→ Exercise objective: Every line in the data below from the one containing "In this photo, what" down to the one containing "Image width covers 45.0°.", both included, must be retyped exactly; no other line is to appear.

[Dataset items]
***
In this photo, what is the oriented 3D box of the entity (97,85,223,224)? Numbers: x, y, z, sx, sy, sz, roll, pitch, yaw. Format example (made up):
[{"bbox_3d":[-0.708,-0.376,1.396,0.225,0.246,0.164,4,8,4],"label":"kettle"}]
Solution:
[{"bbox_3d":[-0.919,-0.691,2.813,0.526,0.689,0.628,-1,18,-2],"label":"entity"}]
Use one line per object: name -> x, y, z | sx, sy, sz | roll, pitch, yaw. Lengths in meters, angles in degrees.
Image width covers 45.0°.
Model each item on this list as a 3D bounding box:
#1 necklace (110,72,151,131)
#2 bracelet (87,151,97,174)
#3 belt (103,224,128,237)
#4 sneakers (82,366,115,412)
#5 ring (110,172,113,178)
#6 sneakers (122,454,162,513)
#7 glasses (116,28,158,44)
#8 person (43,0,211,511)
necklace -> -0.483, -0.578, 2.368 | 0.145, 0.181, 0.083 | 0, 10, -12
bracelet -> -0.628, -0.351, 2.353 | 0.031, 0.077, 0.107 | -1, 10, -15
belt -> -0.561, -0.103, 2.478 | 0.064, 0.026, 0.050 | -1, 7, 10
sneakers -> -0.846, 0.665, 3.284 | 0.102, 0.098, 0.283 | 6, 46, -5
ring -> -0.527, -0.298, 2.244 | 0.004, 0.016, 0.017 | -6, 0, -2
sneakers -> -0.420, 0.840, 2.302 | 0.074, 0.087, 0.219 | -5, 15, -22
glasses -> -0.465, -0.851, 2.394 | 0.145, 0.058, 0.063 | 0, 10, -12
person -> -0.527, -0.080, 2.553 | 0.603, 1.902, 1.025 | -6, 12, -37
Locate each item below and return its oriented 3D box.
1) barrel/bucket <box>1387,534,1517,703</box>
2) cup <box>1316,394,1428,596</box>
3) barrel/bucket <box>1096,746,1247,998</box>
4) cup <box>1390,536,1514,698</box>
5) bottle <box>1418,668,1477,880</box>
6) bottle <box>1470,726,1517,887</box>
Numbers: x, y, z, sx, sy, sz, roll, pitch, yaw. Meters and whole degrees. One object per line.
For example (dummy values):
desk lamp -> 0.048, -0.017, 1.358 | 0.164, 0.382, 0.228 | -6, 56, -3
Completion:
***
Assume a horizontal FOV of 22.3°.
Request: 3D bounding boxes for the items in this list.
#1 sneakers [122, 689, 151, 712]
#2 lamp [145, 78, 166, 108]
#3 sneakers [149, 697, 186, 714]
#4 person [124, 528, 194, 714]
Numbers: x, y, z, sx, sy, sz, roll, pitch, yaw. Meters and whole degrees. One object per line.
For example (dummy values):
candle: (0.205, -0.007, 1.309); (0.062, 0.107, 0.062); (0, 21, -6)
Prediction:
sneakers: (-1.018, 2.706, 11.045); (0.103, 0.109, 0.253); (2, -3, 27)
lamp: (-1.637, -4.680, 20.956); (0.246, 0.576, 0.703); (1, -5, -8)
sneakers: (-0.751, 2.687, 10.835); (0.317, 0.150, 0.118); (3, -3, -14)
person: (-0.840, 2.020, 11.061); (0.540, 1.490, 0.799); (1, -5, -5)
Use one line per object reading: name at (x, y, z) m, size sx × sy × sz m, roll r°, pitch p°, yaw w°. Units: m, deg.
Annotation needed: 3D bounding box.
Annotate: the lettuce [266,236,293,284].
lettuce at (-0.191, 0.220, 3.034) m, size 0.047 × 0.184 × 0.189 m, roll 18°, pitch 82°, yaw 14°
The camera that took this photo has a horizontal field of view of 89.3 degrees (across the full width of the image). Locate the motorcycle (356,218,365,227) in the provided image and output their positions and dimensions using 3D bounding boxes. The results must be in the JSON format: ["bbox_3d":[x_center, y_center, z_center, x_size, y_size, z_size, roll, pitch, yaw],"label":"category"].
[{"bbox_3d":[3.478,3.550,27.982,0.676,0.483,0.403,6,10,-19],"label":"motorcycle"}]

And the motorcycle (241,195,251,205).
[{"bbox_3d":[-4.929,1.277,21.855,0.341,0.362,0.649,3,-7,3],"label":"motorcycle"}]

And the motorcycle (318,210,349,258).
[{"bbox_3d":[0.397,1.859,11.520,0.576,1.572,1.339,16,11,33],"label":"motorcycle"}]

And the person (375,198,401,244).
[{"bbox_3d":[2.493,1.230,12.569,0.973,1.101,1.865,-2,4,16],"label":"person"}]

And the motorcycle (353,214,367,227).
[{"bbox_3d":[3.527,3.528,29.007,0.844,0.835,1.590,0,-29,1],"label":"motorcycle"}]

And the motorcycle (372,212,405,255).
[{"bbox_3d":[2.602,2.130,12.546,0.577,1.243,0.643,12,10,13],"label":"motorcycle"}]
***
→ Solution to the exercise:
In this photo, what is the oriented 3D box of the entity (97,85,223,224)? Numbers: x, y, z, sx, sy, sz, roll, pitch, yaw. Format example (made up):
[{"bbox_3d":[-0.708,-0.376,1.396,0.225,0.246,0.164,4,8,4],"label":"kettle"}]
Solution:
[{"bbox_3d":[-0.919,-0.691,2.813,0.526,0.689,0.628,-1,18,-2],"label":"entity"}]
Use one line per object: name -> x, y, z | sx, sy, sz | roll, pitch, yaw. Lengths in meters, angles in degrees.
Image width covers 45.0°.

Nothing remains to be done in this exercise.